Note. BPD = borderline personality disorder; TM = trait-matched group; NTM = non-trait-matched group; LOG = natural log-transformed; SQRT = square-root-transformed. SEs are in parentheses. Coefficients are in the scale of transformed variables. Model for cortisol was adjusted for age, time of day, and posttraumatic stress disorder (PTSD) symptoms; model for salivary alpha-amylase (sAA) was adjusted for major depressive disorder (MDD) and PTSD symptoms; model for negative affect was adjusted for age, dissociation, and PTSD. The significance of within-group model coefficients (i.e., intercept and changes over time within groups) are denoted by asterisks. Row means with different subscripts are significantly different from each other at p < .05.

*

p < .05.

**

p < .01.

***

p < .001.

Figure 1.

Figure 1

Figure 1

Open in a new tab

Model-predicted group trajectories for salivary cortisol (A), alpha-amylase (B), and subjective negative affect (C). BPD = borderline personality disorder; TM = trait-matched. NTM = non-trait-matched; TSST = Trier Social Stress Test. Model coefficients were back-transformed into original units of measurement for calculation of predicted mean values. Model for cortisol was adjusted for age, time of day, and current posttraumatic stress disorder (PTSD) symptoms; model for salivary alpha-amylase (sAA) was adjusted for current major depressive disorder (MDD) and PTSD symptoms; model for negative affect (NA) was adjusted for age, dissociation, and PTSD.

Primary Analyses

Cortisol

Cortisol models were adjusted for age, time of day, and current PTSD symptoms. The BPD group had significantly higher baseline cortisol relative to both comparison groups, with no significant difference between NTM and TM groups in baseline cortisol.
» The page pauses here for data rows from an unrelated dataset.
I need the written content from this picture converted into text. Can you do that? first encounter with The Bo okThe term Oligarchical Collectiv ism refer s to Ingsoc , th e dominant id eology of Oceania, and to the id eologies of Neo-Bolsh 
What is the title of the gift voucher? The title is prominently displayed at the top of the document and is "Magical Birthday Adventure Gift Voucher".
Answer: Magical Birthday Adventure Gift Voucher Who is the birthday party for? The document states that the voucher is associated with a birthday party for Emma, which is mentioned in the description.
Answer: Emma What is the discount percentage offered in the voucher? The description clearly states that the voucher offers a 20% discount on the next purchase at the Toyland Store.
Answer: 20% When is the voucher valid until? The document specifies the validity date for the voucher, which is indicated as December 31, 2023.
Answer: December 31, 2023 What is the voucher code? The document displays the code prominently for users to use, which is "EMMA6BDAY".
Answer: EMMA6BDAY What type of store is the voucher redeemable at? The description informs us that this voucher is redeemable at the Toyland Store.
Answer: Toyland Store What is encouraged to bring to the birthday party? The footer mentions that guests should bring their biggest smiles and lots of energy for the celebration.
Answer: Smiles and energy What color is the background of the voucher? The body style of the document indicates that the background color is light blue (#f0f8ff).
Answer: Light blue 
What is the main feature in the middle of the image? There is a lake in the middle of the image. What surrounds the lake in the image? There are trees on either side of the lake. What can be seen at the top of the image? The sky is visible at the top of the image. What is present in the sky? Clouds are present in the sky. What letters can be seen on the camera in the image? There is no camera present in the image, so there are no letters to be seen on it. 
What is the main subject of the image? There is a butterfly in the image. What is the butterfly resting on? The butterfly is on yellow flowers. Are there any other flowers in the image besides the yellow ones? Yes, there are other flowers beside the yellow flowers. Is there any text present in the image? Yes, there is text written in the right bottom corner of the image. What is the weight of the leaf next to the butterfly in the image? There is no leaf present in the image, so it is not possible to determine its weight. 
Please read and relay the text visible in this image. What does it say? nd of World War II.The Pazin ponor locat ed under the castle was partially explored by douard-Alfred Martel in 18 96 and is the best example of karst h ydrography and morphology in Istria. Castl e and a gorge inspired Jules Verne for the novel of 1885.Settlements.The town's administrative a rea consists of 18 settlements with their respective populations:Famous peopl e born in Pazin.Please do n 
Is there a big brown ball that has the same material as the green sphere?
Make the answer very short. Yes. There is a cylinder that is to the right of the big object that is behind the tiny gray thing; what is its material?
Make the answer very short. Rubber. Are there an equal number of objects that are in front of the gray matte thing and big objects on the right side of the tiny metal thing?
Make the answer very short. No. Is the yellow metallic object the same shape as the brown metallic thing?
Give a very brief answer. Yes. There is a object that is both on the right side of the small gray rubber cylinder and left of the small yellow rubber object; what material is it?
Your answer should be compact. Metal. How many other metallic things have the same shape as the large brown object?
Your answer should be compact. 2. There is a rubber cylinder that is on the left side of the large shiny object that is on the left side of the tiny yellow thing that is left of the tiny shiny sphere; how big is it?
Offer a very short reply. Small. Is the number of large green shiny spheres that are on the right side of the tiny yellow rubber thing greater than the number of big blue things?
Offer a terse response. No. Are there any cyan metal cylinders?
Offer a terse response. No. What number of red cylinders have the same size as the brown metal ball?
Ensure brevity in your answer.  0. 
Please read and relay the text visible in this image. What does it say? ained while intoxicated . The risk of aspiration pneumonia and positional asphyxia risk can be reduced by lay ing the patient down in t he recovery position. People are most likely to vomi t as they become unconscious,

As shown in Table 3, only the BPD group showed a significant decrease in cortisol during the resting phase prior to stress, although groups did not differ significantly in resting slopes.2 In addition, the BPD group showed a slower rate of stress-related cortisol increase relative to both comparison groups. In fact, only the BPD group failed to show significant stress-related cortisol increase, as evidenced by the nonsignificant reactivity slope. All groups demonstrated a significant decrease in cortisol during the recovery period, and groups did not differ in rates of cortisol recovery. Means (with SDs in parentheses) for total cortisol output (AUCG [in µg/dL]) in the NTM, TM, and BPD groups were 13.76 (7.39), 13.96 (7.76), and 12.96 (8.92), respectively. Groups did not differ in total cortisol output, F(2, 84) = 1.11, p = .34, η2 = .03.

Alpha-amylase

All sAA models were adjusted for MDD and PTSD symptoms. Groups did not differ in sAA intercept, suggesting no significant difference in baseline sAA levels upon study entry. However, as with resting cortisol, only the BPD group demonstrated a significant decrease in sAA during the resting phase prior to stress. The BPD and NTM groups showed a more rapid resting decline in sAA relative to the TM group prior to stress, and there was no significant difference in rate of decrease between BPD and NTM groups. Although the omnibus test of group differences in sAA reactivity slope did not quite reach significance, F(2, 118) = 2.84, p = .06, estimates of individual fixed effects revealed significantly slower rates of stress-related sAA reactivity in both the BPD and TM groups compared with the NTM group, and the BPD and TM groups did not differ in rates of stress-related sAA reactivity. All three groups demonstrated a significant decrease in sAA during the recovery phase, and groups did not differ in rates of sAA recovery. Means (and SDs) for total sAA output (AUCG [in U/mL]) in the NTM, TM, and BPD groups were 9,086.57 (5,249.05), 8,326.89 (6,367.78), and 9,798.98 (6,850.04), respectively. Groups did not differ in total sAA output, F(2, 85) = 0.27, p = .76, η2 = .01.

NA

NA models were adjusted for age, dissociation (DSS), and PTSD. The BPD group reported higher baseline NA compared with both NTM and TM groups, and there was no difference between NTM and TM groups in baseline NA. All groups demonstrated significant increases in NA in response to stress and significant decreases in NA during recovery, with no significant differences between groups in rates of stress-related NA reactivity or recovery. Means (and SDs) for average NA across all three administrations of the PANAS in the NTM, TM, and BPD groups were 15.54 (4.12), 17.38 (4.34), and 20.64 (5.65), respectively. Groups differed in average NA, F(2, 83) = 9.63, p < .001, η2 = .19, with the BPD group reporting higher overall elevation in NA relative to both control groups across the laboratory task (NTM vs. BPD, p = .001; TM vs. BPD, p = .009; NTM vs. TM, p = .50).

Discussion

This study sought to test clinical theories of affective dysregulation in BPD by examining subjective affective and psychobiological responses to a psychosocial stressor. BPD participants showed evidence of intense subjective negative affectivity at baseline that remained high with stress, as well as high resting HPA axis arousal, compared with both NTM and TM groups. However, specific to the stressor, the BPD group showed attenuated cortisol reactivity relative to both control groups. Our results for sAA were less clear, but suggested attenuated stress-related sAA reactivity in the BPD and TM groups relative to the NTM group. Groups did not differ in NA reactivity to stress, recovery to baseline on any measure, or total biomarker output levels.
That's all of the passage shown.